Over the years, there has been much controversy over the effectiveness of institutionalized schooling, and some people have even gone as far as saying that the compulsory schooling system is damaging to younger children, especially boys who are slower to mature.

In the early 1970s, Ray and Dorothy Moore, who later become well known home schooling advocates, researched the bearing that early childhood education had on the mental, and, physical development of children between the ages of 8 to 12 years of age. Through these studies, the Moores produced evidence that formal schooling was damaging to children, and a cause for some behavioral problems commonly found in school aged children.

According to these tests, illiterate tribal mothers in Africa had children that were more socially, and emotionally advanced than children in the western world. The Moores believed that this was largely due to the bond between parents, and their children being broken when children were institutionalized in schooling systems.

In some English speaking countries, it is still an option for parents to home school their children rather than to send them to an institutionalized school. There are a wide variety of home schooling methods available to families who choose to home school their children, rather than send them to schools, including methods such as classical education, Waldorf education, and the Montessori method.

Home schooling can also refer to schooling done in a home environment, with supervision by teachers through correspondence schools. While children are schooled at home, they must still complete compulsory educational subjects, and take tests.

One of the main reasons that parents choose to home school their children is that they feel the schools are unable to offer their children the same quality of education, or social environment that can be taught at home.

Friday, March 23, 2012

Criticisms, Conformity and the Real World

Home education families and advocates are often criticized for isolating children and sheltering them from the 'real world'. Rare examples of children who have difficulty acclimating to a school environment after having formerly been home educated are used as fodder by critics in an attempt to prove that home education is faulty. Two main points are always raised, that the children are not given exposure to the 'real world' and that they are not properly socialized. I'd like to address these misunderstandings.
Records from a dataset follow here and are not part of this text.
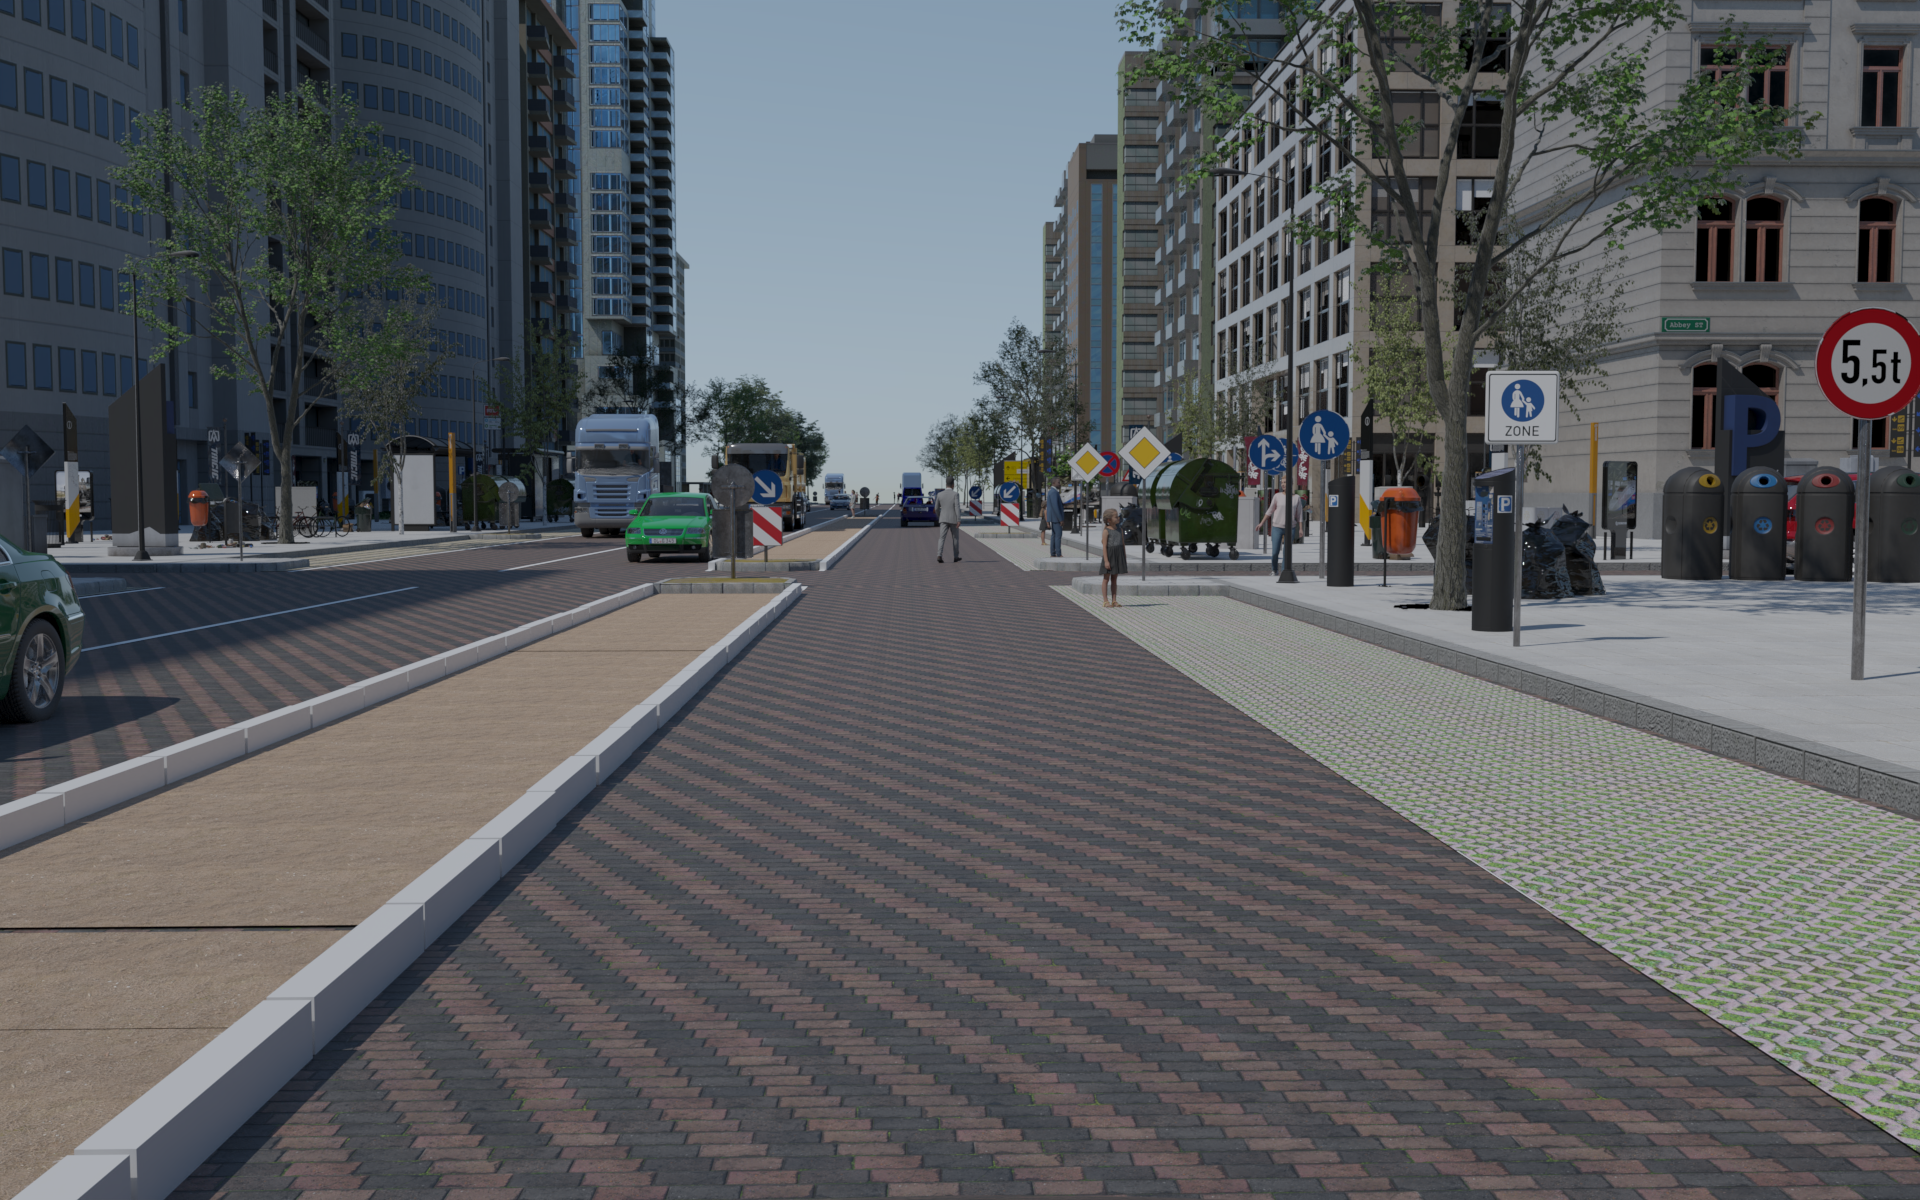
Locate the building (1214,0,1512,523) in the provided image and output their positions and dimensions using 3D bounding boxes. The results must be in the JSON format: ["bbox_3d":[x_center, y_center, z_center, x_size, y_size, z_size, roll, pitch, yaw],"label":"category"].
[{"bbox_3d":[26.199,-17.604,92.345,19.350,26.468,34.151,0,4,-2],"label":"building"}]

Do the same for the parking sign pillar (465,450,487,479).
[{"bbox_3d":[-25.988,-6.403,93.169,1.447,3.967,1.447,2,4,30],"label":"parking sign pillar"}]

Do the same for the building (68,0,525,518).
[{"bbox_3d":[-44.215,-35.375,120.381,21.231,58.520,28.212,0,4,-2],"label":"building"}]

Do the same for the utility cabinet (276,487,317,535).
[{"bbox_3d":[-20.638,-2.763,53.858,1.173,1.500,0.318,-1,4,-22],"label":"utility cabinet"}]

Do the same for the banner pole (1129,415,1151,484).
[{"bbox_3d":[5.734,-3.963,54.813,0.863,3.779,0.401,1,4,12],"label":"banner pole"}]

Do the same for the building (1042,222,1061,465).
[{"bbox_3d":[19.315,-35.345,261.478,14.154,41.232,14.086,0,4,-2],"label":"building"}]

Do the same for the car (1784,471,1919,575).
[{"bbox_3d":[16.227,-1.294,29.834,5.304,1.827,2.281,0,4,-1],"label":"car"}]

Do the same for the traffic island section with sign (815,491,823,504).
[{"bbox_3d":[-20.186,-14.274,242.011,1.989,1.847,2.006,0,4,-2],"label":"traffic island section with sign"}]

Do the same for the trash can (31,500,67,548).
[{"bbox_3d":[-21.638,-1.805,41.172,0.748,1.137,0.748,0,3,0],"label":"trash can"}]

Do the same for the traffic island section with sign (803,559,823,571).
[{"bbox_3d":[-3.650,-1.524,33.057,2.006,1.907,1.989,0,4,-2],"label":"traffic island section with sign"}]

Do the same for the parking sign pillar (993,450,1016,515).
[{"bbox_3d":[2.785,-7.221,106.533,1.447,3.967,1.447,0,4,2],"label":"parking sign pillar"}]

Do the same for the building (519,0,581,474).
[{"bbox_3d":[-45.445,-30.268,149.511,22.147,44.769,28.867,0,4,-2],"label":"building"}]

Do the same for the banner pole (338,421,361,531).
[{"bbox_3d":[-21.084,-4.271,59.840,0.863,3.779,0.401,-3,4,-38],"label":"banner pole"}]

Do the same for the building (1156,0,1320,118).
[{"bbox_3d":[28.171,-31.919,141.481,23.786,49.044,30.456,0,4,-2],"label":"building"}]

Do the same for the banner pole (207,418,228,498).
[{"bbox_3d":[-24.331,-4.092,56.921,0.401,3.779,0.863,3,4,38],"label":"banner pole"}]

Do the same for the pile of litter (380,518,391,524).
[{"bbox_3d":[-24.537,-3.790,75.931,1.719,0.858,1.176,-1,4,-13],"label":"pile of litter"}]

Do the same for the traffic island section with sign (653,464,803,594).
[{"bbox_3d":[-3.432,-1.071,25.653,2.006,1.907,1.989,0,4,-2],"label":"traffic island section with sign"}]

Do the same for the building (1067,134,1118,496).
[{"bbox_3d":[20.928,-34.616,216.076,14.600,45.320,14.200,0,4,-2],"label":"building"}]

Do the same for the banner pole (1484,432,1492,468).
[{"bbox_3d":[21.171,-4.838,69.124,0.863,3.779,0.401,1,4,21],"label":"banner pole"}]

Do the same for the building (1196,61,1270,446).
[{"bbox_3d":[23.316,-21.271,119.484,14.160,30.474,14.107,0,4,-2],"label":"building"}]

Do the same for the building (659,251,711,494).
[{"bbox_3d":[-52.573,-34.073,248.973,32.217,40.220,23.993,0,4,-2],"label":"building"}]

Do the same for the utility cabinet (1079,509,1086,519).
[{"bbox_3d":[6.513,-4.806,89.739,0.306,1.237,1.020,-1,4,-19],"label":"utility cabinet"}]

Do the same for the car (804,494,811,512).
[{"bbox_3d":[-12.946,-7.872,138.490,2.009,1.686,4.222,0,4,0],"label":"car"}]

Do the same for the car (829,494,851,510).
[{"bbox_3d":[-10.682,-8.748,155.025,2.014,1.417,4.499,0,4,-1],"label":"car"}]

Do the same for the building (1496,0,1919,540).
[{"bbox_3d":[30.377,-16.327,54.330,23.554,28.519,14.401,0,4,-2],"label":"building"}]

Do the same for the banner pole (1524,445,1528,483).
[{"bbox_3d":[14.968,-3.422,45.964,0.401,3.779,0.863,2,4,32],"label":"banner pole"}]

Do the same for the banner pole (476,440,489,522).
[{"bbox_3d":[-21.934,-5.498,79.901,0.401,3.779,0.863,0,4,-3],"label":"banner pole"}]

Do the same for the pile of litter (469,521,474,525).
[{"bbox_3d":[-21.073,-3.604,72.896,1.719,0.858,1.176,3,5,42],"label":"pile of litter"}]

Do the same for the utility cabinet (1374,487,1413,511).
[{"bbox_3d":[12.864,-2.616,51.446,0.318,1.500,1.173,-3,4,-38],"label":"utility cabinet"}]

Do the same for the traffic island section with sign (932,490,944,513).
[{"bbox_3d":[-0.917,-7.643,133.583,1.989,1.847,2.006,0,4,-2],"label":"traffic island section with sign"}]

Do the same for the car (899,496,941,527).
[{"bbox_3d":[-1.743,-3.937,76.958,1.945,1.354,3.894,0,4,0],"label":"car"}]

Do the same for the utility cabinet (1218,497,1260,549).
[{"bbox_3d":[6.477,-1.793,40.481,1.020,1.237,0.306,3,4,36],"label":"utility cabinet"}]

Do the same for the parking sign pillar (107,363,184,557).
[{"bbox_3d":[-17.014,-2.912,36.078,1.447,3.967,1.447,1,4,14],"label":"parking sign pillar"}]

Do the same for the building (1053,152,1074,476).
[{"bbox_3d":[24.585,-37.863,238.661,23.786,49.044,30.456,0,4,-2],"label":"building"}]

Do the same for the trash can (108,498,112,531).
[{"bbox_3d":[-28.016,-2.825,57.837,0.748,1.137,0.748,0,3,0],"label":"trash can"}]

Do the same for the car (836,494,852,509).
[{"bbox_3d":[-11.226,-9.702,168.851,2.015,1.641,3.980,0,4,-2],"label":"car"}]

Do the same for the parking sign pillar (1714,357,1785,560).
[{"bbox_3d":[15.603,-2.798,34.223,1.447,3.967,1.447,-1,4,-15],"label":"parking sign pillar"}]

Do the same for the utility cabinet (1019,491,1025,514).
[{"bbox_3d":[3.732,-6.100,108.408,0.318,1.500,1.173,-1,4,-20],"label":"utility cabinet"}]

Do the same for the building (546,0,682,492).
[{"bbox_3d":[-46.967,-55.487,219.882,22.319,86.520,31.000,0,4,-2],"label":"building"}]

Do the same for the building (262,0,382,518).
[{"bbox_3d":[-43.283,-40.021,92.601,20.563,71.187,20.611,0,4,-2],"label":"building"}]

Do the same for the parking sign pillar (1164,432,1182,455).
[{"bbox_3d":[8.937,-5.296,75.063,1.447,3.967,1.447,-1,4,-10],"label":"parking sign pillar"}]

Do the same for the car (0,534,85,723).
[{"bbox_3d":[-6.607,0.140,9.508,2.131,1.459,4.920,0,4,-3],"label":"car"}]

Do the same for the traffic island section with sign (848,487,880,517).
[{"bbox_3d":[-5.970,-6.118,108.160,2.006,1.907,1.989,0,4,-2],"label":"traffic island section with sign"}]

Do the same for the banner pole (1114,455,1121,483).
[{"bbox_3d":[9.929,-7.274,108.946,0.863,3.779,0.401,-3,5,-44],"label":"banner pole"}]

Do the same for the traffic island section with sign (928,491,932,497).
[{"bbox_3d":[-1.746,-9.290,160.526,1.989,1.847,2.006,0,4,-2],"label":"traffic island section with sign"}]

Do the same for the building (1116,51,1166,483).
[{"bbox_3d":[21.637,-29.382,163.986,14.154,41.232,14.086,0,4,-2],"label":"building"}]

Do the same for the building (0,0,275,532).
[{"bbox_3d":[-40.436,-31.725,60.709,21.231,58.520,28.212,0,4,-2],"label":"building"}]

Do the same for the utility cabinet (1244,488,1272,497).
[{"bbox_3d":[10.795,-3.320,62.959,0.318,1.500,1.173,-3,5,-43],"label":"utility cabinet"}]

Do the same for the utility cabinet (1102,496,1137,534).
[{"bbox_3d":[4.614,-2.384,50.133,1.020,1.237,0.306,2,4,34],"label":"utility cabinet"}]

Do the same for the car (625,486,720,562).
[{"bbox_3d":[-6.146,-1.779,37.881,1.959,1.807,4.718,0,4,-1],"label":"car"}]

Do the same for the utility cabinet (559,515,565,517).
[{"bbox_3d":[-22.014,-5.199,93.683,1.173,1.500,0.318,-2,4,-26],"label":"utility cabinet"}]
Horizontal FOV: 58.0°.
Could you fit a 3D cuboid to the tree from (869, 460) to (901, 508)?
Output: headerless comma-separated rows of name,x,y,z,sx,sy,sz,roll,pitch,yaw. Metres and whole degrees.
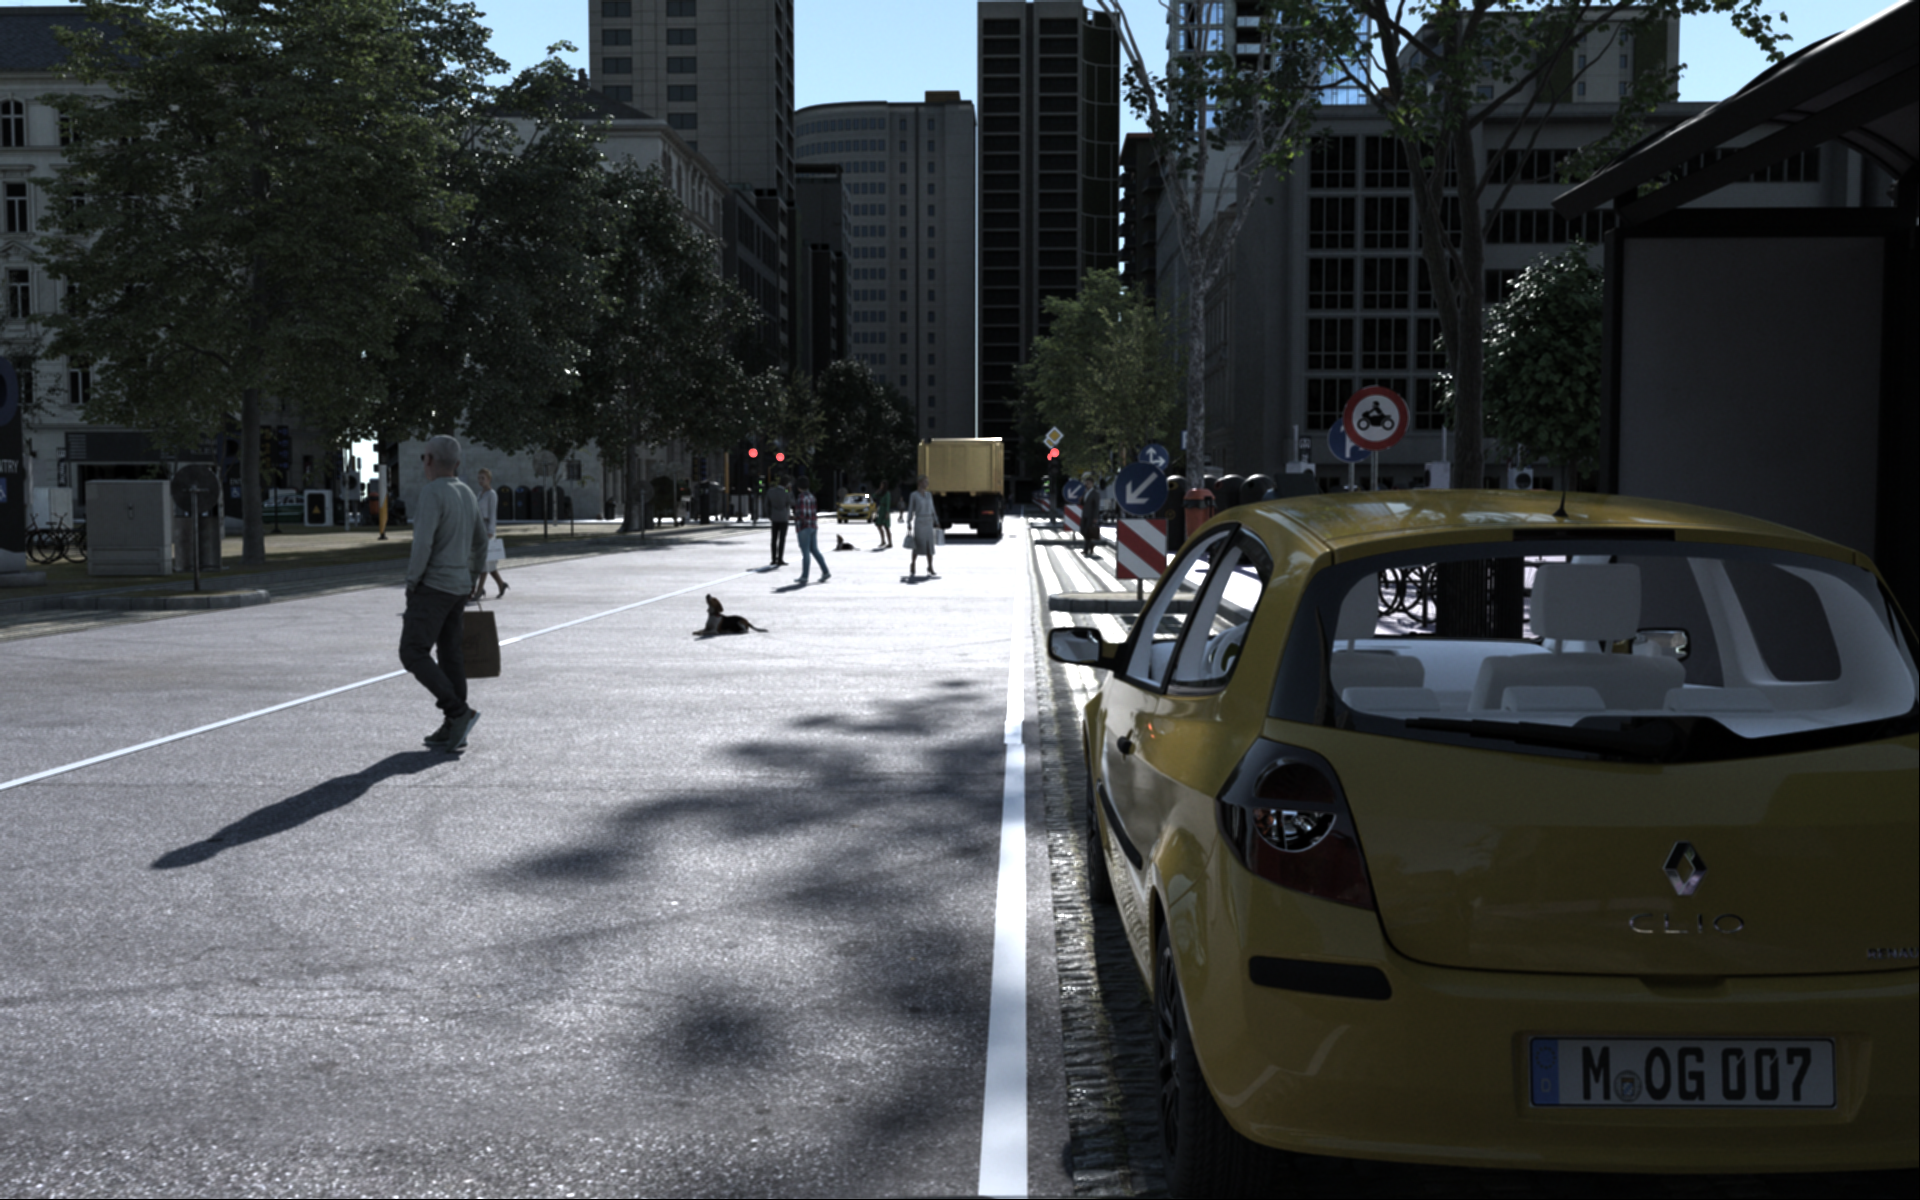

It is important that we first understand that the purpose of the modern government school system is indoctrination. This indoctrination process is performed using three main principles: Conformity, Training and Socialization. Once we understand this, we can begin to understand the weakness in the most popular Home Education criticisms.

Conformity

Indeed there are some isolated cases where a formerly home educated kid is plunked into a government school setting and struggles to conform. Immediately we see this as "failure" because we are now holding the child to that public school standard. Let us step outside the thinking box for a moment though, where we can view the forest from outside the tree line and realize that this is not a failure to "perform" it is actually a failure to "conform". The child is not conforming to a very specific and narrow pre-selected and predetermined set of criteria, chosen by those elusive bureaucrats that run that government system. These bureaucrats are at the mercy of the corporate sponsors who provide financial support. So in essence it is the corporate giants that get to dictate what the average child should "learn" (and I use the word loosely here). When child does not smoothly fall into place with that agenda we call it "failure".

As exemplified in popular home education criticisms, the mainstream seems to be caught in this mentality of blindly trusting that the government school system is the high king of learning. We hold children to those standards and very rarely consider who or what industry developed those standards. We don't ponder what they are based on or for what purpose they were developed. We as a society fail to ask ourselves these questions and so we go on thinking that if a child does not fit into that very particular mold then he/she is a failure.